++++ Entries shown ++++

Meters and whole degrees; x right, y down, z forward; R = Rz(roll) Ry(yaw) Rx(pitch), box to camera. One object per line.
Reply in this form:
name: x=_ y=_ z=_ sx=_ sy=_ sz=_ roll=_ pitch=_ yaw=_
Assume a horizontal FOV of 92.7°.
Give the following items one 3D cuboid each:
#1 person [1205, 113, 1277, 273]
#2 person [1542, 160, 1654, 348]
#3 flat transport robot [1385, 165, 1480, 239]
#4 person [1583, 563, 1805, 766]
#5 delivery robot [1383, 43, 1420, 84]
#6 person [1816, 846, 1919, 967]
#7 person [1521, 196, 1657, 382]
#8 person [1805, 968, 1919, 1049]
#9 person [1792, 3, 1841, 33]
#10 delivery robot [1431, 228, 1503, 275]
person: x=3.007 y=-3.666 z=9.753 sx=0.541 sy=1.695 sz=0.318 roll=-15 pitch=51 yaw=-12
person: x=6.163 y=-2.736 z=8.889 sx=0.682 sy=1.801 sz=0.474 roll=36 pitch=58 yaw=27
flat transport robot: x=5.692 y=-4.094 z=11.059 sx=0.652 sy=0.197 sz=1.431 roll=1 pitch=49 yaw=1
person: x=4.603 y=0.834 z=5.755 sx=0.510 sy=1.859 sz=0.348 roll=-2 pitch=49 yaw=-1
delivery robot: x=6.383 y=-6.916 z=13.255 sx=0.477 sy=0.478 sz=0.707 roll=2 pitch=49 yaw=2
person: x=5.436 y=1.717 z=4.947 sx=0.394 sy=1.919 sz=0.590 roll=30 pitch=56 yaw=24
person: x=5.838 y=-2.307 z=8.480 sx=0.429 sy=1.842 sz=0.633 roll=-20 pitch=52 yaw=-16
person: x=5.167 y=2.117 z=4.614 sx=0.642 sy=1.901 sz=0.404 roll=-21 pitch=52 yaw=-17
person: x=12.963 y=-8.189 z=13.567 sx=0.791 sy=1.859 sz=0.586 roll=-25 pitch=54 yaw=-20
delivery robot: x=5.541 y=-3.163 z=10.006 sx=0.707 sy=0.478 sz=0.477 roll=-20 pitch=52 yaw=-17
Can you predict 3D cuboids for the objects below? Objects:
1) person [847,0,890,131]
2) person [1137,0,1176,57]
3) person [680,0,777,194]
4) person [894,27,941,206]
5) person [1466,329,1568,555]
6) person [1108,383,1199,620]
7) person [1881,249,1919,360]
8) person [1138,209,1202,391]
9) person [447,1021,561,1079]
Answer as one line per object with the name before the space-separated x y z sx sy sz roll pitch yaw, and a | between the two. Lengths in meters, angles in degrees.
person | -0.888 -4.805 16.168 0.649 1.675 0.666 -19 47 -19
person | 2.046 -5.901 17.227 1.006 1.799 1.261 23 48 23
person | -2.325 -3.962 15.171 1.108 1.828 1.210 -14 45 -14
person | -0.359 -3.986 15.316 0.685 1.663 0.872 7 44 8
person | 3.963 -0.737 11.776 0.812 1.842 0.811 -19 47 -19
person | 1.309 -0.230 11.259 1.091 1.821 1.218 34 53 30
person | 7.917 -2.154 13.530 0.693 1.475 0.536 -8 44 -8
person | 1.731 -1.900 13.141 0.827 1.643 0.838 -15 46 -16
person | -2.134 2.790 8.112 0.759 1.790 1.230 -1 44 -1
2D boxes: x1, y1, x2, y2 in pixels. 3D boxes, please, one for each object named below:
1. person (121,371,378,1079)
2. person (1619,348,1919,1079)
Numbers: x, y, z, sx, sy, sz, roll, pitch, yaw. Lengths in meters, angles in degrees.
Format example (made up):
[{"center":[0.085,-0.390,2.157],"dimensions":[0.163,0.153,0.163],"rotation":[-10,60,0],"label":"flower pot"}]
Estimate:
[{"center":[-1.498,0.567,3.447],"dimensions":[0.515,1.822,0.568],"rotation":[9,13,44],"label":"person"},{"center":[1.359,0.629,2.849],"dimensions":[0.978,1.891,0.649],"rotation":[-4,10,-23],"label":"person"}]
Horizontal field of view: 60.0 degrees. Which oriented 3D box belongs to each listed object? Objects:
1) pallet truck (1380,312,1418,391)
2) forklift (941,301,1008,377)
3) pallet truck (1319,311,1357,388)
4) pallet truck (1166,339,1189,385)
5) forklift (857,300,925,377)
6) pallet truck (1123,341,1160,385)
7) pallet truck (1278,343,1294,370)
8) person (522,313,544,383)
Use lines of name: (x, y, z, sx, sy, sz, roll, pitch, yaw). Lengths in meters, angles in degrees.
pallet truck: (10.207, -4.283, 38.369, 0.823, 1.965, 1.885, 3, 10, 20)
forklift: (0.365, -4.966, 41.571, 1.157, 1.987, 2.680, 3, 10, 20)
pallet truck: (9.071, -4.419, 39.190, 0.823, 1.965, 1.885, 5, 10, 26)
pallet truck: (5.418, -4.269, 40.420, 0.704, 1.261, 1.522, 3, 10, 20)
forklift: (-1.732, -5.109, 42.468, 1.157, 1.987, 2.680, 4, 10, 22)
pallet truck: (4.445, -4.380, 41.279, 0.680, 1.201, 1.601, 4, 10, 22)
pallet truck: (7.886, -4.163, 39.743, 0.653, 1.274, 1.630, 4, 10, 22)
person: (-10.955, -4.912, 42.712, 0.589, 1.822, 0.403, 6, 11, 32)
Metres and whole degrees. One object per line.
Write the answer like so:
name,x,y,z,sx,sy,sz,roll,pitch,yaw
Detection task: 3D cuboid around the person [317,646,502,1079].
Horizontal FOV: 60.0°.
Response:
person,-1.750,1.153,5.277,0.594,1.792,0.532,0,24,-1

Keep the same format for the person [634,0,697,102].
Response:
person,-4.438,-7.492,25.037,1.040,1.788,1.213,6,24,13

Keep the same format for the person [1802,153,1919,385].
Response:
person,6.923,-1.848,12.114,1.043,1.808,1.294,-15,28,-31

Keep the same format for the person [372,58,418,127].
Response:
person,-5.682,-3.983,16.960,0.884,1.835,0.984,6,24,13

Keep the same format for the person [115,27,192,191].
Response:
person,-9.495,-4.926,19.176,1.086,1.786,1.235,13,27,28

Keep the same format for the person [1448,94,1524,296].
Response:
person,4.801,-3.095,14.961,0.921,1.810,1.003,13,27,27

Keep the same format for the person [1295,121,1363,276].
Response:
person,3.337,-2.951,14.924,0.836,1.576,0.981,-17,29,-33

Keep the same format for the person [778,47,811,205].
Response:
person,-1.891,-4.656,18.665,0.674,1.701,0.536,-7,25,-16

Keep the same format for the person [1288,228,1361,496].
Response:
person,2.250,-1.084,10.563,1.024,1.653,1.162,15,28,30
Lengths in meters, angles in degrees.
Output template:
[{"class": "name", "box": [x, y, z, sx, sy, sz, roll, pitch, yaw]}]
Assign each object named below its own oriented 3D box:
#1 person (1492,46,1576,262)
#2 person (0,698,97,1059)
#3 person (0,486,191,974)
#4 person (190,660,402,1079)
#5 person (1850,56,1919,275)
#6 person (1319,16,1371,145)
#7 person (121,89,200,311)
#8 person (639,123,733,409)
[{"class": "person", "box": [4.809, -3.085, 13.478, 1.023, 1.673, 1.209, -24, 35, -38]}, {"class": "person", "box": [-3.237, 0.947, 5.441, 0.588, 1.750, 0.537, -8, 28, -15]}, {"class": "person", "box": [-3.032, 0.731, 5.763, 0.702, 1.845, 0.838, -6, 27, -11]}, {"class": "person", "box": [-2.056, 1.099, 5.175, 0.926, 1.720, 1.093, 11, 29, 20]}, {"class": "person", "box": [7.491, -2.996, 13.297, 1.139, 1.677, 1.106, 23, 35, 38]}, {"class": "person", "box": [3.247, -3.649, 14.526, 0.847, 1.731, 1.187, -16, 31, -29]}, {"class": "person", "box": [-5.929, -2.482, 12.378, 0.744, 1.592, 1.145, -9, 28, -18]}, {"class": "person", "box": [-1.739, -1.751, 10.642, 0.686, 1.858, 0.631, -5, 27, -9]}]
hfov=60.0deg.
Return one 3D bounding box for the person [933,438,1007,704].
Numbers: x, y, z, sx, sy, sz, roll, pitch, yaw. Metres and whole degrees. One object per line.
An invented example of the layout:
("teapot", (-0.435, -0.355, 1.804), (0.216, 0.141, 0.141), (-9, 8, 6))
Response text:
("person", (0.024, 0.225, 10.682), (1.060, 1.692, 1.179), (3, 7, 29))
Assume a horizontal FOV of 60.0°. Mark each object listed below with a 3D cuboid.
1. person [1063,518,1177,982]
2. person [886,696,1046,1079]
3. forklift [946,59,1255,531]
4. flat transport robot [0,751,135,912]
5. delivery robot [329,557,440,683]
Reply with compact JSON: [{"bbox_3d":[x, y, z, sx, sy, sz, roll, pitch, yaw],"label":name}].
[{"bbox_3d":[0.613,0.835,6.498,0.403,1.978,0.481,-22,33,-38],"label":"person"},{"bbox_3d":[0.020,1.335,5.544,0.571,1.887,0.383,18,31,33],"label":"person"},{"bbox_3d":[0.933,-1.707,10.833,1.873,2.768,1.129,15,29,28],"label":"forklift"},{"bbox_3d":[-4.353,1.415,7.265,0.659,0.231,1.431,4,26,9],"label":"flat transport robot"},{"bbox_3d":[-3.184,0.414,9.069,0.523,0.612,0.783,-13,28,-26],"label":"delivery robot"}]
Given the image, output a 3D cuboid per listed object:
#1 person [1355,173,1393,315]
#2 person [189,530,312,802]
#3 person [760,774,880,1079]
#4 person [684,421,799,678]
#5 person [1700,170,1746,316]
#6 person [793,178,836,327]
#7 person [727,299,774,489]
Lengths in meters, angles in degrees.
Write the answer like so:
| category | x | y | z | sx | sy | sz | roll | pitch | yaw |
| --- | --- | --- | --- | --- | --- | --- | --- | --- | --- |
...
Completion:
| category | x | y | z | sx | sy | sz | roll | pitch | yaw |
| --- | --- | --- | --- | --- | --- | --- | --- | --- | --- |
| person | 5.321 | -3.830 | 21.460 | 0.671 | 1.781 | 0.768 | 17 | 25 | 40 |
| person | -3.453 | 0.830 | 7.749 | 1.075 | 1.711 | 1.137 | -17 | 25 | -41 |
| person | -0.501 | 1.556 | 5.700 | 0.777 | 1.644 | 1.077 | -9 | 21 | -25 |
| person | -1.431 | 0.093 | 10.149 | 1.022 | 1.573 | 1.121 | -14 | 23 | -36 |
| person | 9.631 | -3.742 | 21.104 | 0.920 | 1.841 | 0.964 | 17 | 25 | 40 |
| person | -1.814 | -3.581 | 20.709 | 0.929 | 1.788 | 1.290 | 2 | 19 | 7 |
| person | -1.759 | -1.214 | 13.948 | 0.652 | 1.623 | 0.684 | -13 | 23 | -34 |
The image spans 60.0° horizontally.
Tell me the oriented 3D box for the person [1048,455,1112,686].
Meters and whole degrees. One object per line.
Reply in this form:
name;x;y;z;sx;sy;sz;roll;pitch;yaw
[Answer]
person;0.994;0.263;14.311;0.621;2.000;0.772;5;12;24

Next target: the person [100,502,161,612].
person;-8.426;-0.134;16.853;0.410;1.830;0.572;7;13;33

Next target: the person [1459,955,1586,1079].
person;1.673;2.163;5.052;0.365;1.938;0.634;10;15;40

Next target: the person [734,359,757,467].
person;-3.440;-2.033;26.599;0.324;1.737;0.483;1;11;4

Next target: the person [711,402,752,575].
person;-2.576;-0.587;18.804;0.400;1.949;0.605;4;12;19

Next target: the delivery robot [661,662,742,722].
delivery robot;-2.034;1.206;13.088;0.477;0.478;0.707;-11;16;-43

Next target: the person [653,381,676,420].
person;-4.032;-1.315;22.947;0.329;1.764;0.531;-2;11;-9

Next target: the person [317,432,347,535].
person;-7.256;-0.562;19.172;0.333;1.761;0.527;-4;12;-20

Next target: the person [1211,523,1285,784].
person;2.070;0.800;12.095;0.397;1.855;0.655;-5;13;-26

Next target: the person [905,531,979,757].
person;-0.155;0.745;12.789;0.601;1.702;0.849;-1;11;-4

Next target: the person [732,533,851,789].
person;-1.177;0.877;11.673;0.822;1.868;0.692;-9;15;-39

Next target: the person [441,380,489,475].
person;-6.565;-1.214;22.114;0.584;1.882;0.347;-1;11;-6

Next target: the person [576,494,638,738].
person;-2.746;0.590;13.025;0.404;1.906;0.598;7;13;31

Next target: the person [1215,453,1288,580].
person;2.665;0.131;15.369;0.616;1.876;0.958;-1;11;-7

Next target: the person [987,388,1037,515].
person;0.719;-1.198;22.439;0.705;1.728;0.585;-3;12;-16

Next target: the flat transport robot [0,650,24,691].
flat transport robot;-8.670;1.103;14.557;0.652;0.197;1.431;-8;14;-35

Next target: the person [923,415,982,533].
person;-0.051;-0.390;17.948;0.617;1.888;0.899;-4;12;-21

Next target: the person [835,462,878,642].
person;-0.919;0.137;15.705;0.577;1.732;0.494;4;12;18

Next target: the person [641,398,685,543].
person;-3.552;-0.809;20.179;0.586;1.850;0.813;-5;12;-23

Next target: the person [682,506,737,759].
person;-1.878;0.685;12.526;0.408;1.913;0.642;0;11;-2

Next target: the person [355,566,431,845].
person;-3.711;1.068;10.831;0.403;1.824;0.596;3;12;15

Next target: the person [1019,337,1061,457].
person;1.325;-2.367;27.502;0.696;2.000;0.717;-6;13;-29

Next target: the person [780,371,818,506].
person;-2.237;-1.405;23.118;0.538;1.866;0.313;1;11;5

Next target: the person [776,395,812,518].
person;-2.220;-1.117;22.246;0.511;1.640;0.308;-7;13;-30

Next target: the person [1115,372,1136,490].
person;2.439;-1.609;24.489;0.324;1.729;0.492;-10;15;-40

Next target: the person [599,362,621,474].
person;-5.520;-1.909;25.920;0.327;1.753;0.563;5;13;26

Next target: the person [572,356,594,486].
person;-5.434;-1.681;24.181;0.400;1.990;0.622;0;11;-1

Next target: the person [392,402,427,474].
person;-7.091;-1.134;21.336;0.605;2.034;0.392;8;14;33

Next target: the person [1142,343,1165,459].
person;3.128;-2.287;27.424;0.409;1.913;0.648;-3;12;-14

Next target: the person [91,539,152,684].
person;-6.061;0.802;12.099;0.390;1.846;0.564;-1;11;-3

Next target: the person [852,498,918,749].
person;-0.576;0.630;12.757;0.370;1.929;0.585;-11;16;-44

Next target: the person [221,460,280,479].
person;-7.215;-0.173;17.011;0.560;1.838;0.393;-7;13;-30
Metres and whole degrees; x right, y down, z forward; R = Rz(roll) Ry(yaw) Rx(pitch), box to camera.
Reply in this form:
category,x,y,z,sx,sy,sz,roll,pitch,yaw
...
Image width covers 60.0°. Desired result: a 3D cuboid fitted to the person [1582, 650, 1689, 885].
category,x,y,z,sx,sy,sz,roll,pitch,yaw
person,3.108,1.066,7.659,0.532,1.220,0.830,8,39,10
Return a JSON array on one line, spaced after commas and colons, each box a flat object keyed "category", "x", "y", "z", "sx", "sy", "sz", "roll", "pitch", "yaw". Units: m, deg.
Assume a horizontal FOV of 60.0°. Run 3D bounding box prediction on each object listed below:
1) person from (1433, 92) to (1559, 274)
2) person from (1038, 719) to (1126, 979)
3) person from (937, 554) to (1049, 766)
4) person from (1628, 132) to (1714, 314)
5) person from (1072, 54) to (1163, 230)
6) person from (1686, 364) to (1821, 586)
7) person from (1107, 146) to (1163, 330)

++++

What to produce:
Give back, word for word, only the lines above from the line holding "2. person [886,696,1046,1079]" to the line holding "5. delivery robot [329,557,440,683]", both included.

Response area:
2. person [886,696,1046,1079]
3. forklift [946,59,1255,531]
4. flat transport robot [0,751,135,912]
5. delivery robot [329,557,440,683]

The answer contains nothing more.